Again, we will evaluate the accuracy of the distance weighted K-NN classifier for K=1 to 20. As this is a small and relatively easy dataset, you should get similar results as with the simple K-NN classifier.

You might observe the benefits of the distance weighted K-NN classifier better when training on larger and noisier datasets.

In [121]:
for k in range(1, 21):
    nn_classifier = WeightedKNNClassifier(k)
    nn_classifier.fit(x_train, y_train)
    nn_predictions = nn_classifier.predict(x_test)
    accuracy = compute_accuracy(y_test, nn_predictions)
    print(f"K={k}: {accuracy}")

  weight = 1/dist


K=1: 0.9666666666666667
K=2: 1.0
K=3: 0.9333333333333333
K=4: 0.9
K=5: 0.8666666666666667
K=6: 0.8333333333333334
K=7: 0.8666666666666667
K=8: 0.8333333333333334
K=9: 0.8
K=10: 0.7333333333333333
K=11: 0.7
K=12: 0.7
K=13: 0.7333333333333333
K=14: 0.7333333333333333
K=15: 0.7333333333333333
K=16: 0.6666666666666666
K=17: 0.6333333333333333
K=18: 0.6333333333333333
K=19: 0.6333333333333333
K=20: 0.5666666666666667


## Summary

You have built a K-Nearest Neighbour classifier (and the distance-weighted variant)! Because the Iris dataset is a small and simple dataset, you may only observe a small improvement in accuracy (if any) compared to a simple one-nearest neighbour classifier.

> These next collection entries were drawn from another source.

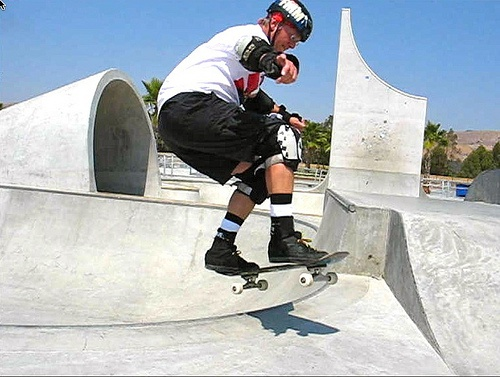Describe the objects in this image and their specific colors. I can see people in lightgray, black, white, gray, and darkgray tones and skateboard in lightgray, gray, black, darkgray, and ivory tones in this image. 
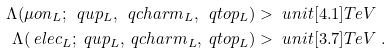Convert formula to latex. <formula><loc_0><loc_0><loc_500><loc_500>\Lambda ( \mu o n _ { L } ; \ q u p _ { L } , \ q c h a r m _ { L } , \ q t o p _ { L } ) & > \ u n i t [ 4 . 1 ] { T e V } \\ \Lambda ( \ e l e c _ { L } ; \ q u p _ { L } , \ q c h a r m _ { L } , \ q t o p _ { L } ) & > \ u n i t [ 3 . 7 ] { T e V } \ .</formula> 
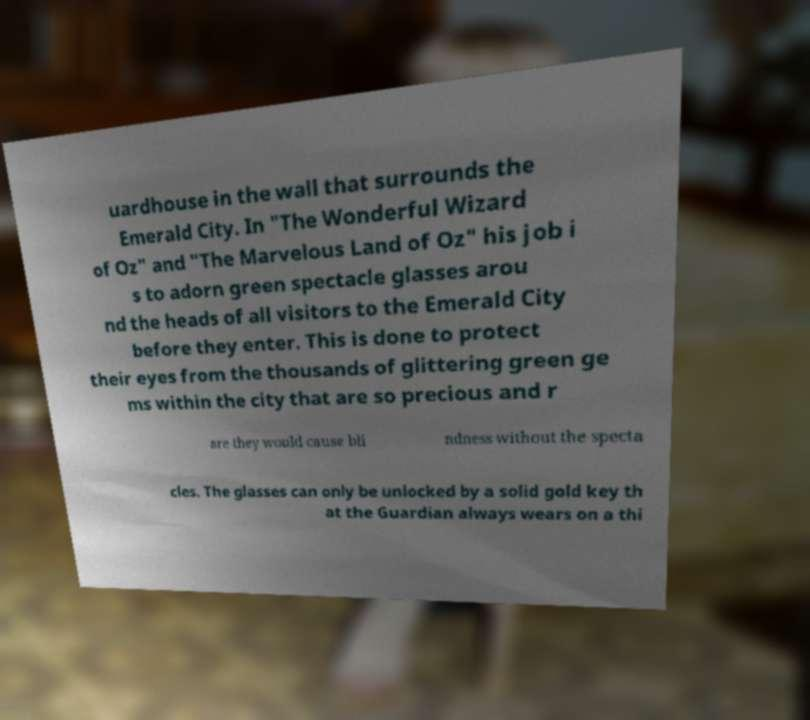There's text embedded in this image that I need extracted. Can you transcribe it verbatim? uardhouse in the wall that surrounds the Emerald City. In "The Wonderful Wizard of Oz" and "The Marvelous Land of Oz" his job i s to adorn green spectacle glasses arou nd the heads of all visitors to the Emerald City before they enter. This is done to protect their eyes from the thousands of glittering green ge ms within the city that are so precious and r are they would cause bli ndness without the specta cles. The glasses can only be unlocked by a solid gold key th at the Guardian always wears on a thi 
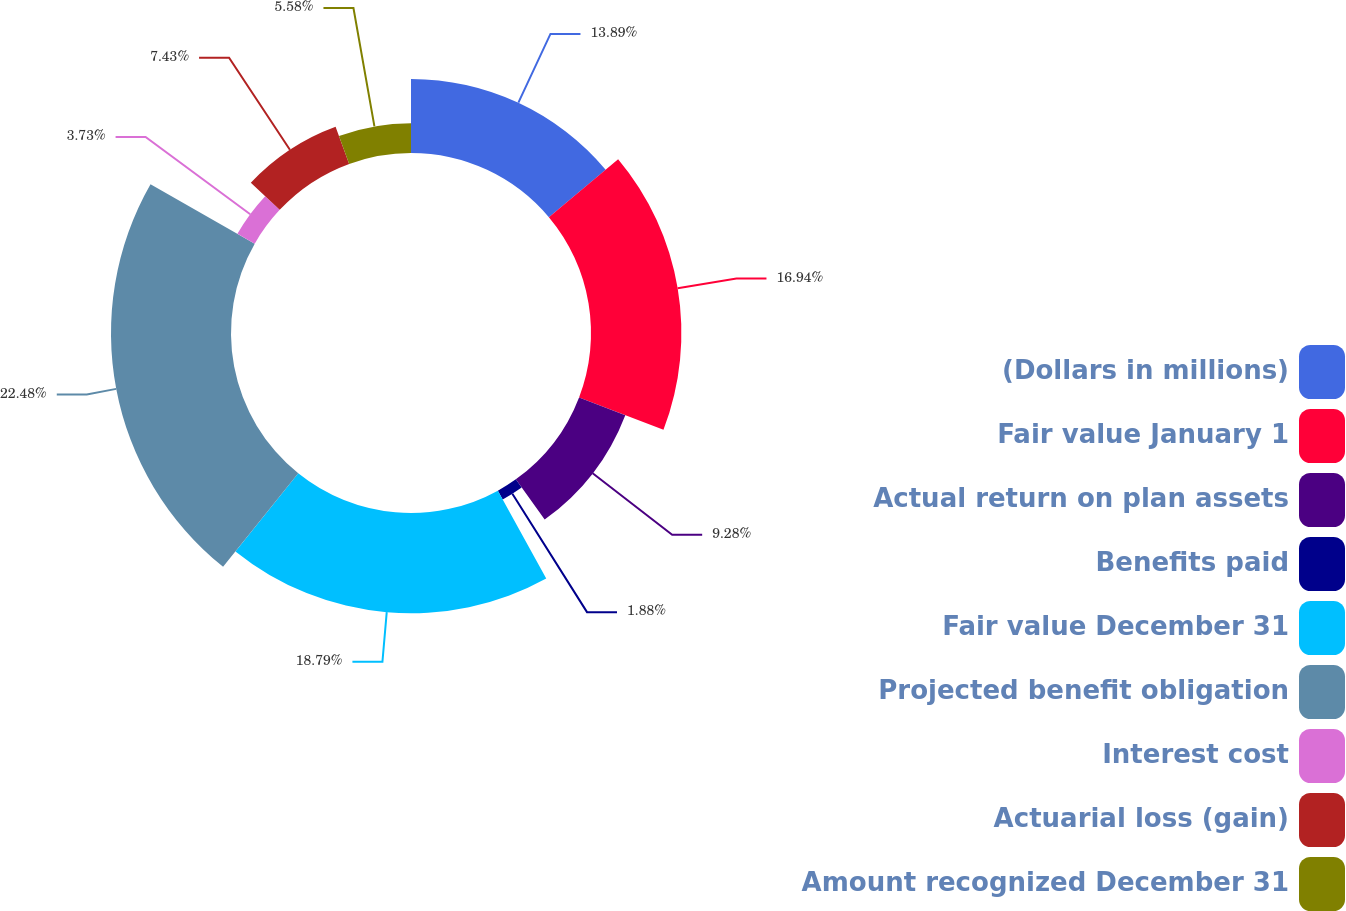Convert chart. <chart><loc_0><loc_0><loc_500><loc_500><pie_chart><fcel>(Dollars in millions)<fcel>Fair value January 1<fcel>Actual return on plan assets<fcel>Benefits paid<fcel>Fair value December 31<fcel>Projected benefit obligation<fcel>Interest cost<fcel>Actuarial loss (gain)<fcel>Amount recognized December 31<nl><fcel>13.89%<fcel>16.94%<fcel>9.28%<fcel>1.88%<fcel>18.79%<fcel>22.49%<fcel>3.73%<fcel>7.43%<fcel>5.58%<nl></chart> 
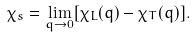<formula> <loc_0><loc_0><loc_500><loc_500>\chi _ { s } = \lim _ { q \to 0 } [ \chi _ { L } ( q ) - \chi _ { T } ( q ) ] .</formula> 
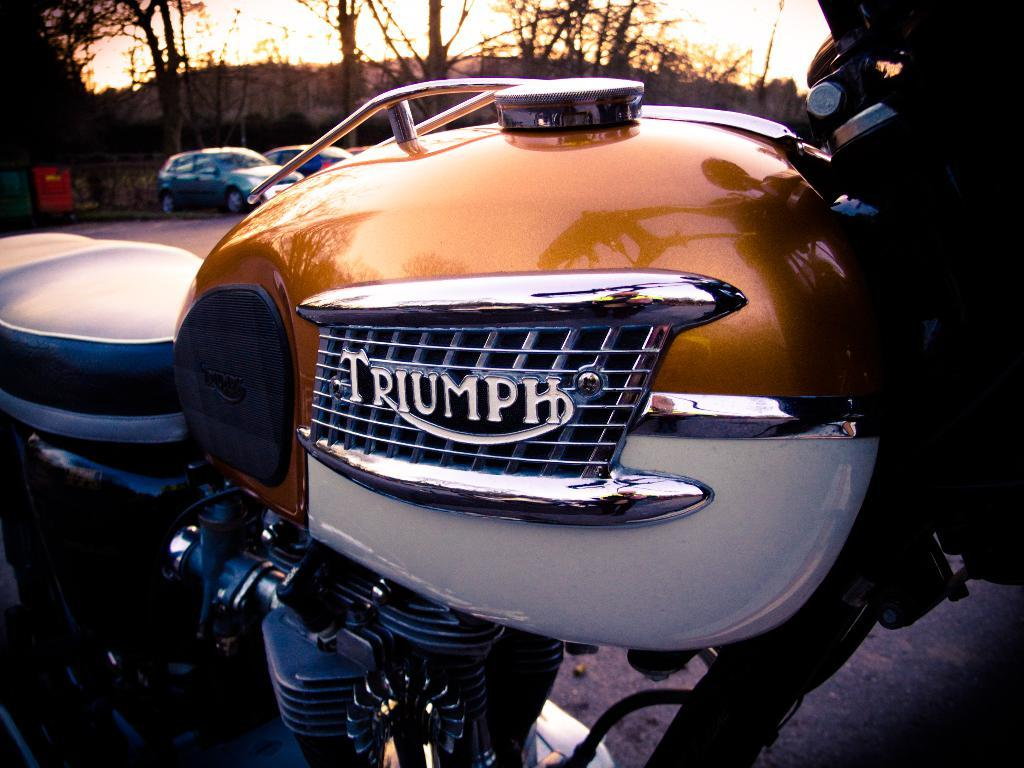What is the main subject in the foreground of the image? There is a truncated motorbike in the foreground of the image. What can be seen in the background of the image? There are two cars on the road and trees visible in the background of the image. What else is visible in the background of the image? The sky is visible in the background of the image. What type of brick is being used to build the appliance in the image? There is no brick or appliance present in the image. Can you tell me how many parents are visible in the image? There are no parents visible in the image.

And that is it for this week's lab tutorials. We will not have a decision tree tutorial for this course. The coursework itself will contain a short guide to help you think about implementing your own decision trees.

In the next lab tutorial, you will be implementing different evaluation metrics and performing cross-validation.